Nous lisons dans la presse de révérence : « Le gouvernement fédéral belge a conclu une réforme de grande ampleur dans la nuit de vendredi à samedi [11-12 avril], qualifié d’« historique » par plusieurs membres de l’exécutif. Cet « accord de Pâques » s’inscrit dans le prolongement du plan « Retour au travail » et vise une transformation profonde des règles concernant le chômage, les pensions et les malades de longue durée.
L’objectif affiché est clair : atteindre un taux d’emploi de 80 % d’ici à la fin de la décennie. »

Dit autrement : « Le gouvernement fédéral belge, sous la coalition Arizona, a récemment annoncé un accord ambitieux mais controversé: l’accord de Pâques.

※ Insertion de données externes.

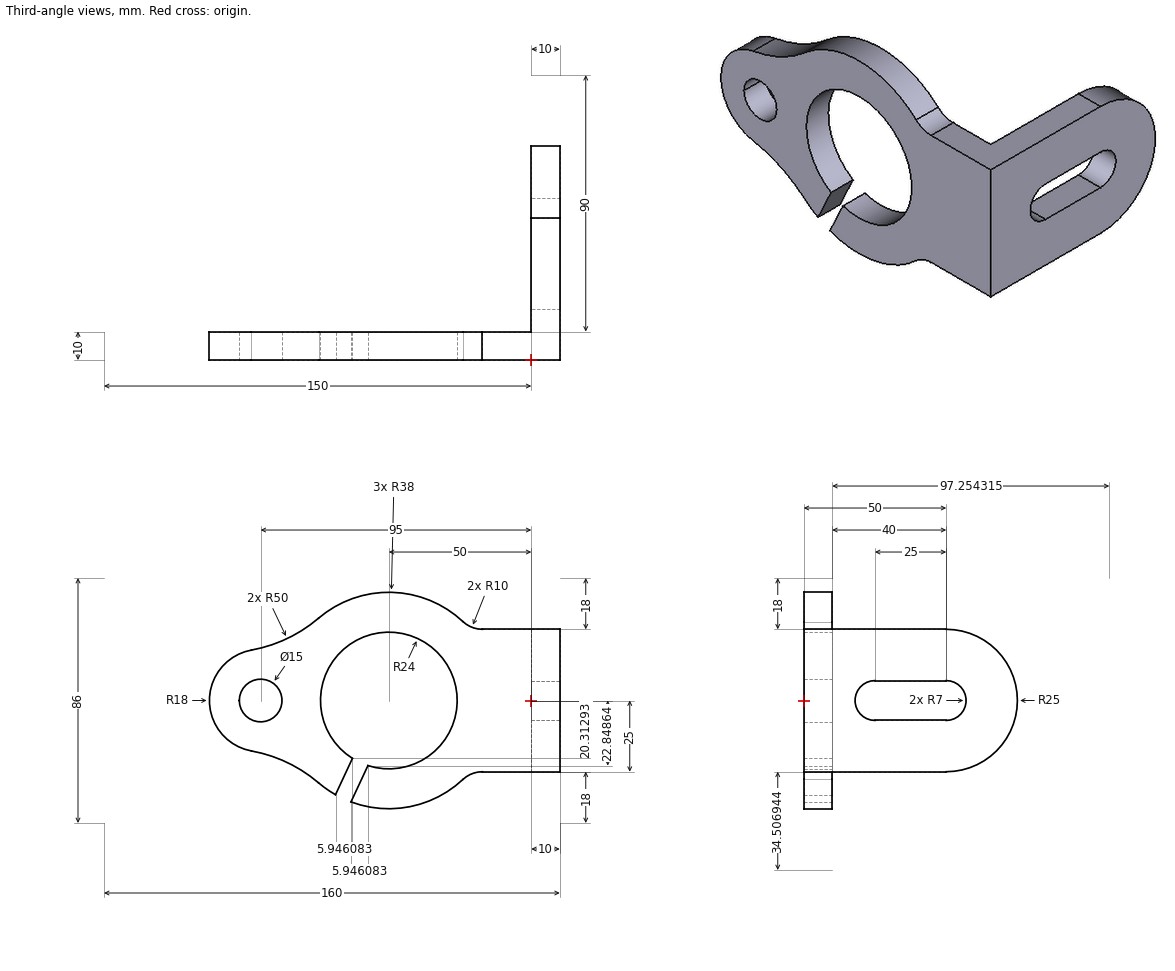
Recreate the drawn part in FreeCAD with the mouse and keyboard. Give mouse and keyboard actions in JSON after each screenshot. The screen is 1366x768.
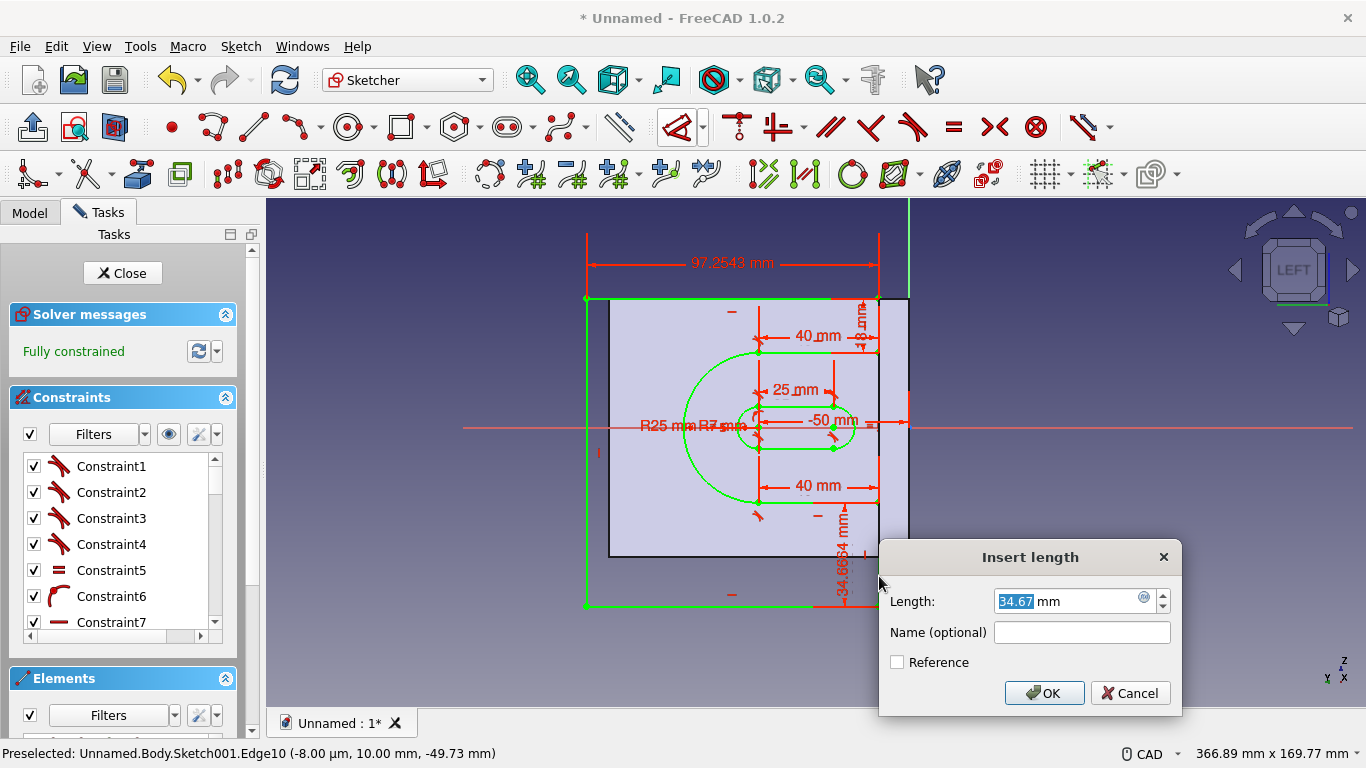
{"action": "type", "text": "34.506944"}
{"action": "key", "text": "Return"}

Ce plan, qui touche des domaines aussi sensibles que les pensions, les fins de carrière et la santé, a provoqué une onde de choc dans le paysage politique et social du pays. » (Fediplus, asbl spécialisée dans les trois systèmes de retraites).

Que dit l’« accord de Pâques » de l’Arizona ?

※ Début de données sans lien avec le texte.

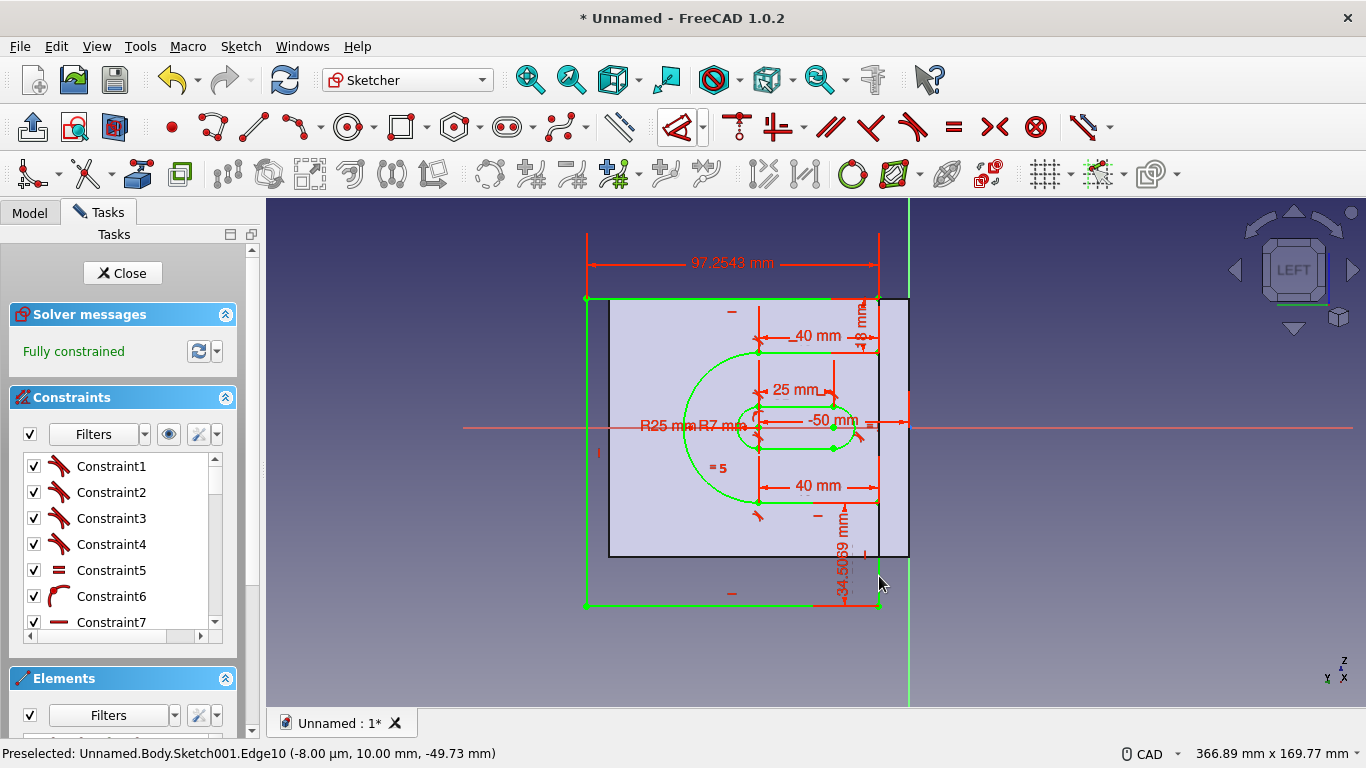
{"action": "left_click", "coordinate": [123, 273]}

Il comprend des mesures très diverses. Certaines peuvent sembler favorables à la lutte contre le dérèglement climatique, mais sont bien trop timides pour produire de véritables effets (une augmentation de la taxe sur les billets d’avion, la hausse de la TVA sur l’installation de chaudières à carburant fossile). Faut-il se réjouir de la diminution du taux de TVA à 6 % pour démolir et reconstruire ? Il s’agit sans doute de reconstruire selon des normes d’isolation plus strictes, mais c’est quand même démolir.

Par ailleurs, pratiquement toutes les mesures fiscales annoncées vont contribuer à un sous-financement encore plus grave de la sécurité sociale : dispense de cotisations patronales pour les entreprises, à hauteur d’1 milliard d’euros, exonération d’impôt pour les flexi-jobs augmentée de 50 .% (part exonérée passant de 12.000 à 18.000 euros) ; libération, moyennant amende, de cotisations non payées par des indépendants. Sans nous livrer à un examen complet de ces jobs qui offrent beaucoup de flexibilité aux employeurs, et quelques échappatoires au financement de la sécurité sociale, il suffit de lire un petit résumé de la Rtbf-Actus pour constater qu’on les aime surtout du côté de l’entreprise et des classes moyennes, et très peu du côté des organisations de défense des travailleurs.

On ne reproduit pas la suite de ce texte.